[SOURCE MATERIAL — start]

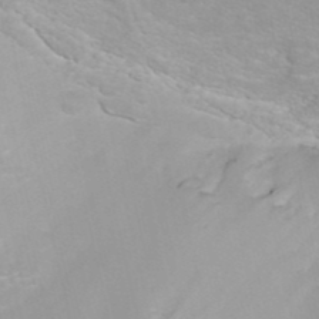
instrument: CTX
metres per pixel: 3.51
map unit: ANa
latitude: 40.1010
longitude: 23.1053
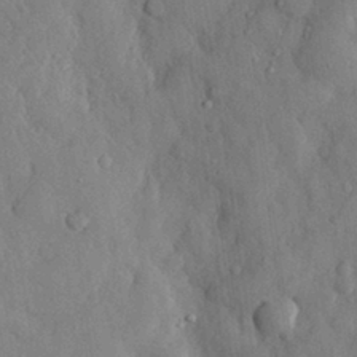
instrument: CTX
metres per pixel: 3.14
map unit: eHh
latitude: 29.5938
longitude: -77.3481
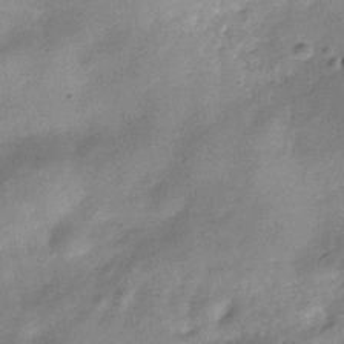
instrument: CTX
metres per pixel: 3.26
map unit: Hve
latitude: -31.7855
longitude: 94.2550
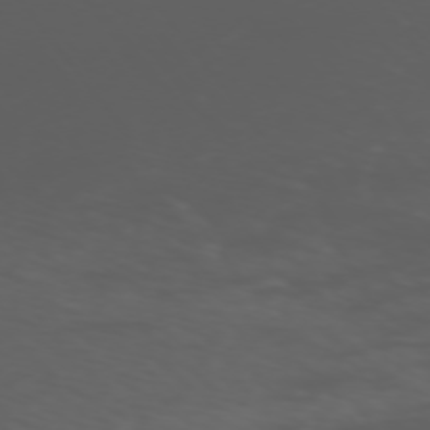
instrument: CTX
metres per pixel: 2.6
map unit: Ap
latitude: -75.8045
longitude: -67.6882
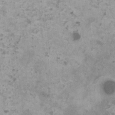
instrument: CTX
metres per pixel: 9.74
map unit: HNhu
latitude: 1.0836
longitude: 3.6721
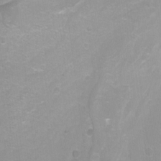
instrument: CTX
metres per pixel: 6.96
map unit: Nhu
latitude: -13.0487
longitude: -58.2145
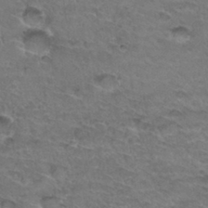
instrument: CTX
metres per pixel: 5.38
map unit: Hto
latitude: 33.3293
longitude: -47.8206
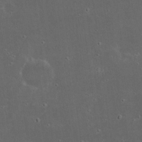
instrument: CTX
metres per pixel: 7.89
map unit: eHh
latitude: 23.4048
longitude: -69.9528
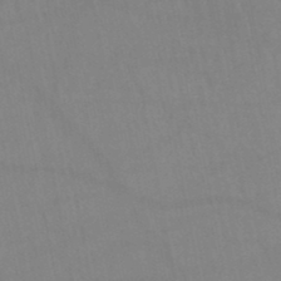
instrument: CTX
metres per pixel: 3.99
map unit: lHb
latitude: -47.3698
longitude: 75.3699
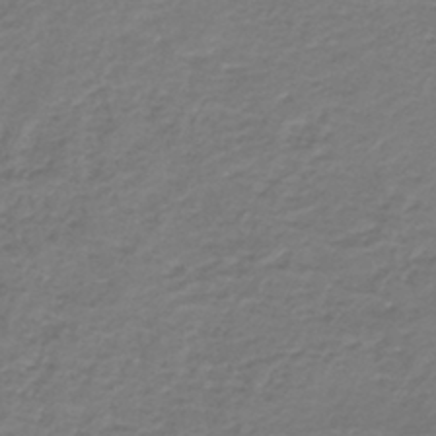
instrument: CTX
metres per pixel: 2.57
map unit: HNb
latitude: -42.6140
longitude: 49.8423
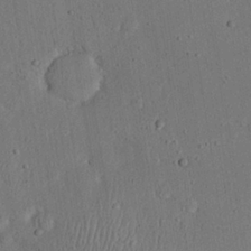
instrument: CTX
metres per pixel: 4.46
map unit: eHh
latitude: 24.1955
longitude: -71.7638
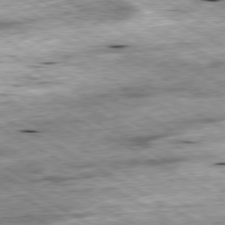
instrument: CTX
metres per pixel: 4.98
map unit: Ap
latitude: -80.3307
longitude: -88.3846
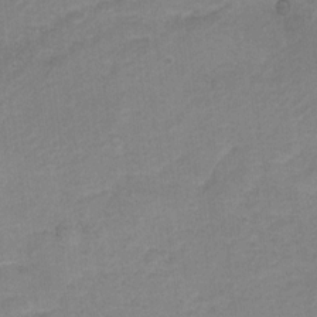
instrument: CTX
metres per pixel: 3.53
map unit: Hto
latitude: 5.7261
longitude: -31.5560
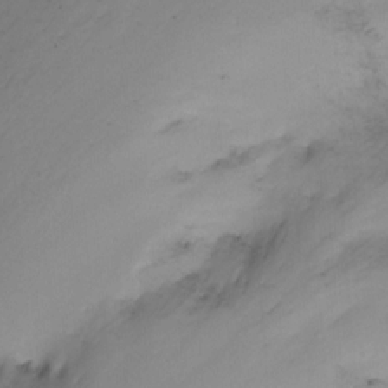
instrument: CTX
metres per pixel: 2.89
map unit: Nhu
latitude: -7.2943
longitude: -50.1577
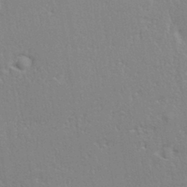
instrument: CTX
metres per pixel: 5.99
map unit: eHh
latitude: 33.3104
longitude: -132.2145
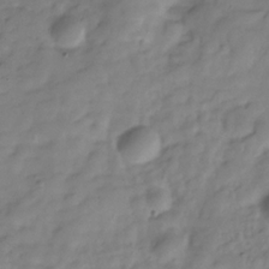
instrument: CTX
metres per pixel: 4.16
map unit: Hve
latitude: -29.9178
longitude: 91.5588
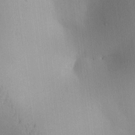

[SOURCE MATERIAL — finish]

Output every record exactly, minus the pictures.

WRITTEN SOLUTION.
instrument: CTX
metres per pixel: 3.51
map unit: ANa
latitude: 40.1010
longitude: 23.1053
instrument: CTX
metres per pixel: 3.14
map unit: eHh
latitude: 29.5938
longitude: -77.3481
instrument: CTX
metres per pixel: 3.26
map unit: Hve
latitude: -31.7855
longitude: 94.2550
instrument: CTX
metres per pixel: 2.6
map unit: Ap
latitude: -75.8045
longitude: -67.6882
instrument: CTX
metres per pixel: 9.74
map unit: HNhu
latitude: 1.0836
longitude: 3.6721
instrument: CTX
metres per pixel: 6.96
map unit: Nhu
latitude: -13.0487
longitude: -58.2145
instrument: CTX
metres per pixel: 5.38
map unit: Hto
latitude: 33.3293
longitude: -47.8206
instrument: CTX
metres per pixel: 7.89
map unit: eHh
latitude: 23.4048
longitude: -69.9528
instrument: CTX
metres per pixel: 3.99
map unit: lHb
latitude: -47.3698
longitude: 75.3699
instrument: CTX
metres per pixel: 2.57
map unit: HNb
latitude: -42.6140
longitude: 49.8423
instrument: CTX
metres per pixel: 4.46
map unit: eHh
latitude: 24.1955
longitude: -71.7638
instrument: CTX
metres per pixel: 4.98
map unit: Ap
latitude: -80.3307
longitude: -88.3846
instrument: CTX
metres per pixel: 3.53
map unit: Hto
latitude: 5.7261
longitude: -31.5560
instrument: CTX
metres per pixel: 2.89
map unit: Nhu
latitude: -7.2943
longitude: -50.1577
instrument: CTX
metres per pixel: 5.99
map unit: eHh
latitude: 33.3104
longitude: -132.2145
instrument: CTX
metres per pixel: 4.16
map unit: Hve
latitude: -29.9178
longitude: 91.5588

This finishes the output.